Task instructions: Although the entries contain pictures, copy only their text, exactly as written.

Source material:

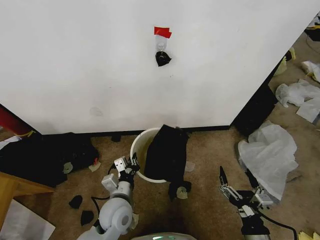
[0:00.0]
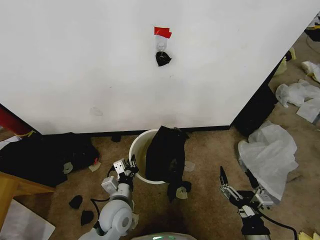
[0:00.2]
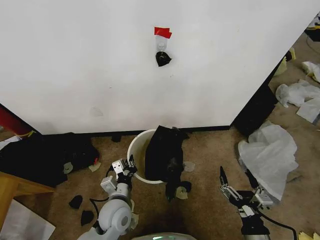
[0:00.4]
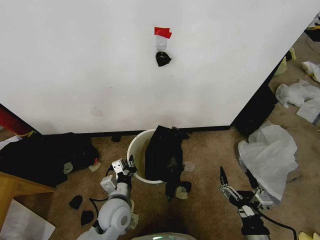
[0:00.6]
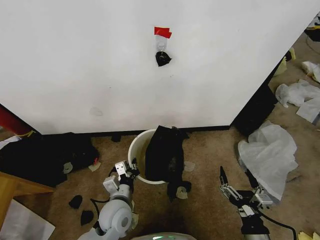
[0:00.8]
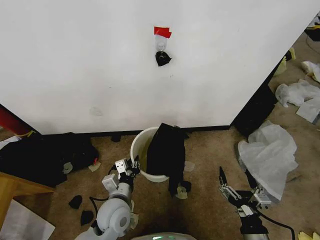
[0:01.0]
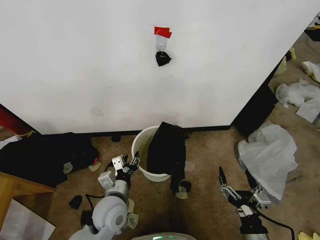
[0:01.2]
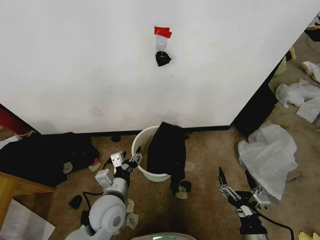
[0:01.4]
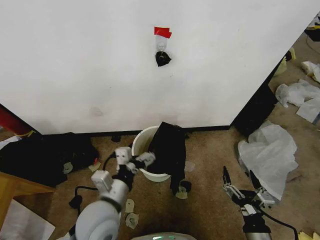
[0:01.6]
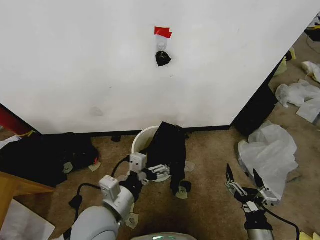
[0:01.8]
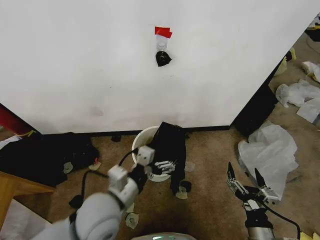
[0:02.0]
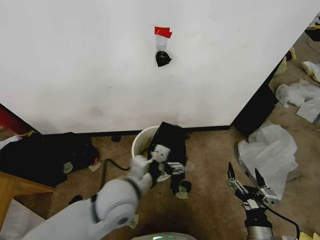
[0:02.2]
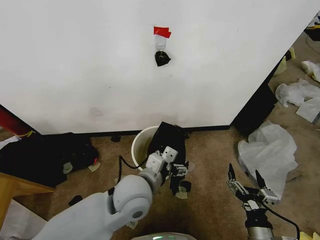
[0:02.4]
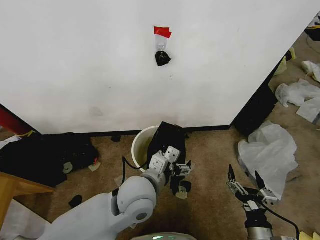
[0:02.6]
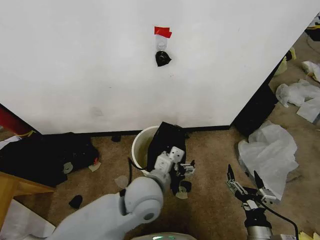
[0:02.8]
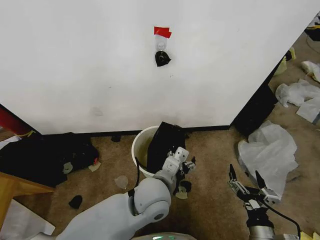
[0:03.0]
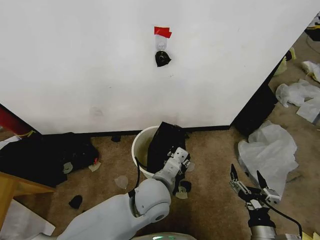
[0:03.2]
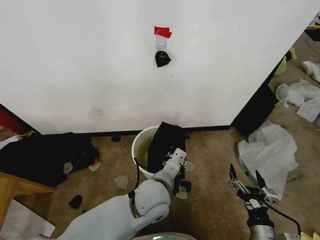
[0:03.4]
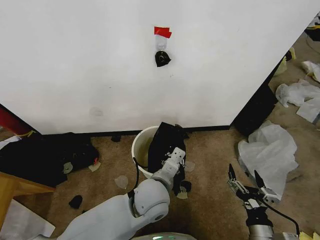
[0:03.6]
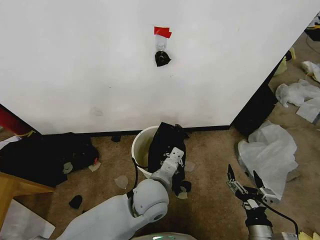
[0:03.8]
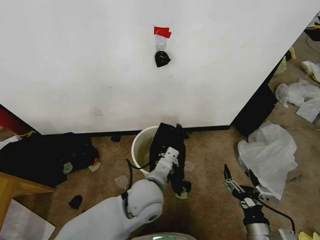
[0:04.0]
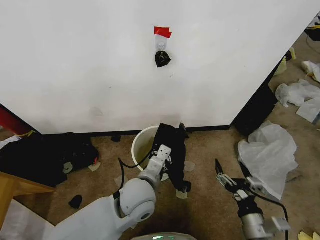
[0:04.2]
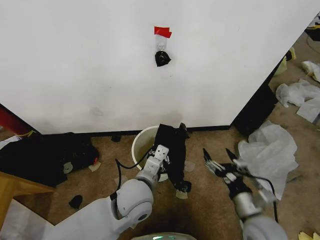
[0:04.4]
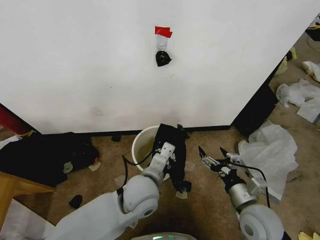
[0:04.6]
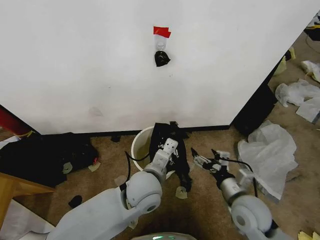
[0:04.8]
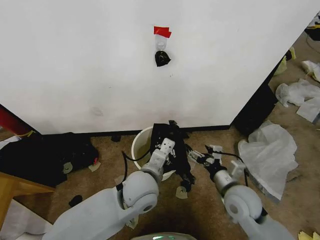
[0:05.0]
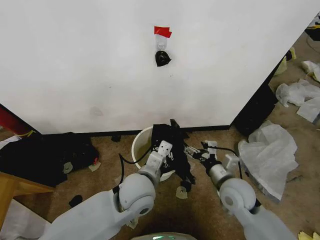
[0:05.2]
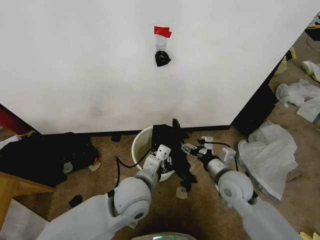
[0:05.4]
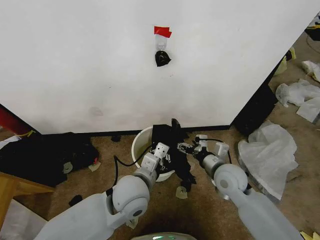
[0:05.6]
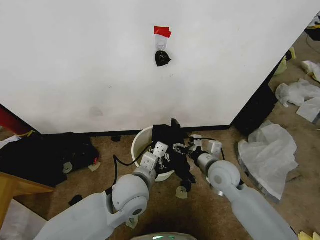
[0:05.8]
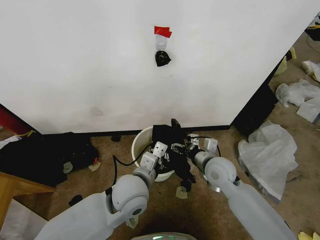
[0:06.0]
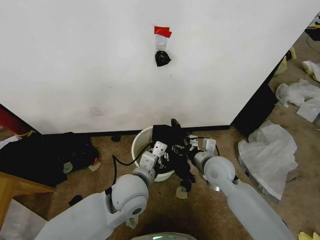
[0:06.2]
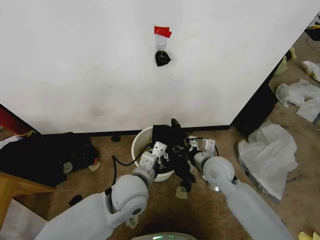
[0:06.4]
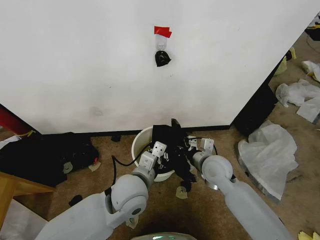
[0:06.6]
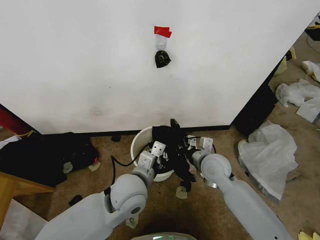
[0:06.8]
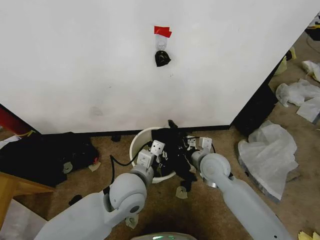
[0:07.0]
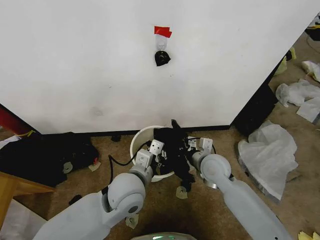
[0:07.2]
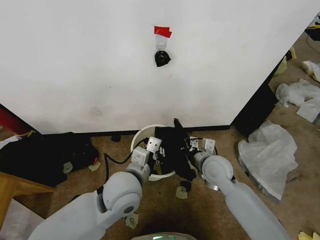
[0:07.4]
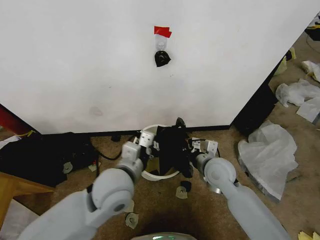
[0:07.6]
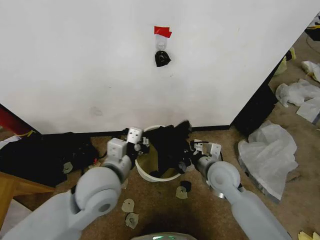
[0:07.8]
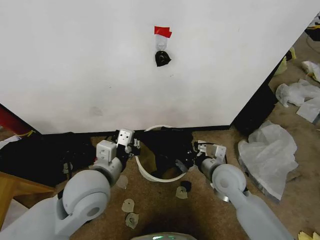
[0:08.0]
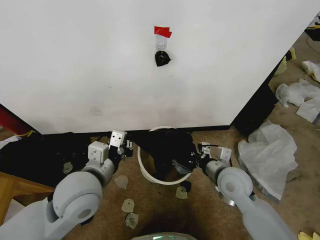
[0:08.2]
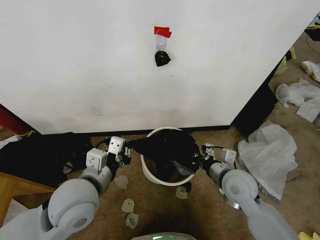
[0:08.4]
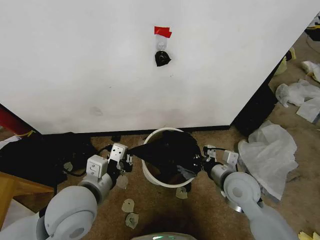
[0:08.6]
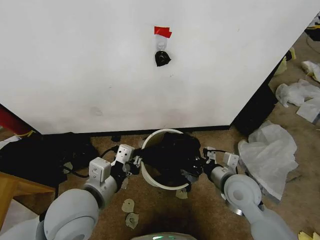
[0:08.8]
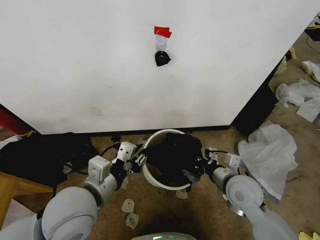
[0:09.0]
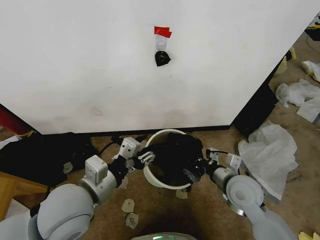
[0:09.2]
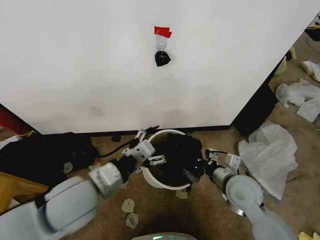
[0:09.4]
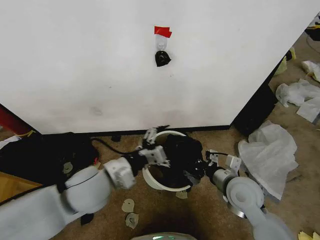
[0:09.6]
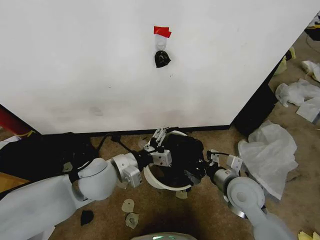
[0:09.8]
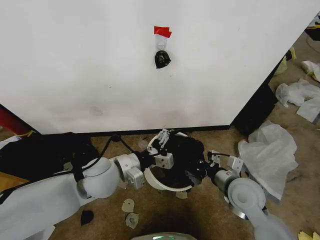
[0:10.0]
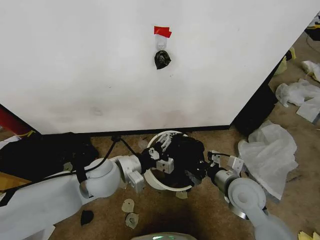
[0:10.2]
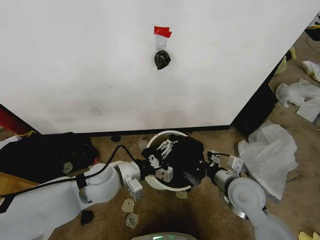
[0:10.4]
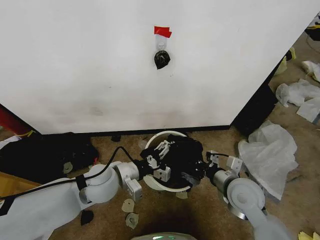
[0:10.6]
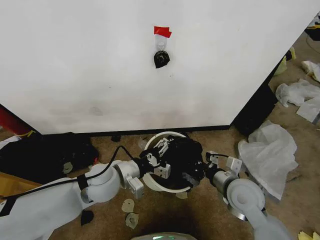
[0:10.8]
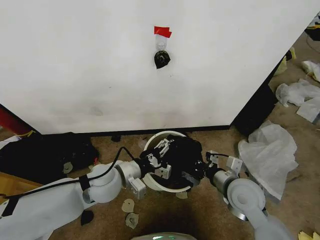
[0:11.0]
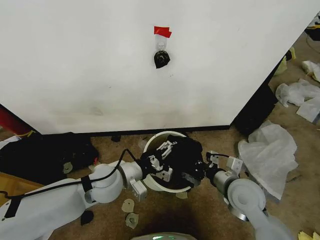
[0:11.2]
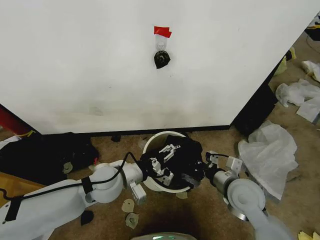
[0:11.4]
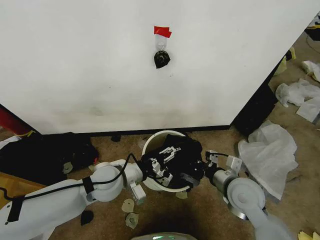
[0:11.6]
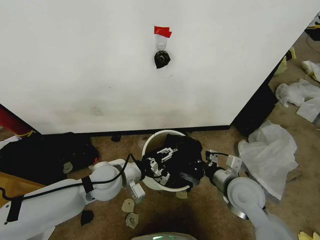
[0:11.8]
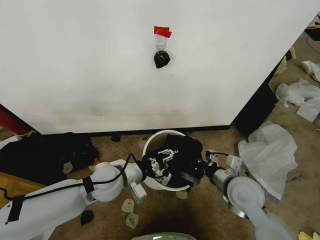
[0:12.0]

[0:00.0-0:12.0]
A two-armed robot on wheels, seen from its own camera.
Task of the whole recording: Place the garbage bag over the trash bin.
0:00.0 to 0:01.6: The left gripper is displaced upward by approximately 10 cm, and opens its fingers.
0:01.6 to 0:03.0: The left gripper travels to the right by some 10 cm.
0:03.0 to 0:04.4: The left gripper closes up. Meanwhile the right gripper moves forward, approximately 5 cm.
0:04.4 to 0:06.0: The right gripper heads forward and to the left, covering approximately 20 cm.
0:06.0 to 0:07.6: The right gripper closes up. The left gripper ends up about 5 cm from where it was.
0:07.6 to 0:09.0: The left gripper is displaced to the left and backward by roughly 10 cm, and opens. Meanwhile the right gripper heads backward and to the right, covering some 10 cm.
0:09.0 to 0:10.4: The left gripper is displaced forward and downward by about 10 cm, and opens.
0:10.4 to 0:12.0: The left gripper closes.

Answer below:
[0:00.0]
[0:00.2]
[0:00.4]
[0:00.6]
[0:00.8]
[0:01.0]
[0:01.2]
[0:01.4]
[0:01.6]
[0:01.8]
[0:02.0]
[0:02.2]
[0:02.4]
[0:02.6]
[0:02.8]
[0:03.0]
[0:03.2]
[0:03.4]
[0:03.6]
[0:03.8]
[0:04.0]
[0:04.2]
[0:04.4]
[0:04.6]
[0:04.8]
[0:05.0]
[0:05.2]
[0:05.4]
[0:05.6]
[0:05.8]
[0:06.0]
[0:06.2]
[0:06.4]
[0:06.6]
[0:06.8]
[0:07.0]
[0:07.2]
[0:07.4]
[0:07.6]
[0:07.8]
[0:08.0]
[0:08.2]
[0:08.4]
[0:08.6]
[0:08.8]
[0:09.0]
[0:09.2]
[0:09.4]
[0:09.6]
[0:09.8]
[0:10.0]
[0:10.2]
[0:10.4]
[0:10.6]
[0:10.8]
[0:11.0]
[0:11.2]
[0:11.4]
[0:11.6]
[0:11.8]
[0:12.0]

[0:00.0-0:12.0]
A two-armed robot on wheels, seen from its own camera.
Task of the whole recording: Place the garbage bag over the trash bin.
0:00.0 to 0:01.6: The left gripper is displaced upward by approximately 10 cm, and opens its fingers.
0:01.6 to 0:03.0: The left gripper travels to the right by some 10 cm.
0:03.0 to 0:04.4: The left gripper closes up. Meanwhile the right gripper moves forward, approximately 5 cm.
0:04.4 to 0:06.0: The right gripper heads forward and to the left, covering approximately 20 cm.
0:06.0 to 0:07.6: The right gripper closes up. The left gripper ends up about 5 cm from where it was.
0:07.6 to 0:09.0: The left gripper is displaced to the left and backward by roughly 10 cm, and opens. Meanwhile the right gripper heads backward and to the right, covering some 10 cm.
0:09.0 to 0:10.4: The left gripper is displaced forward and downward by about 10 cm, and opens.
0:10.4 to 0:12.0: The left gripper closes.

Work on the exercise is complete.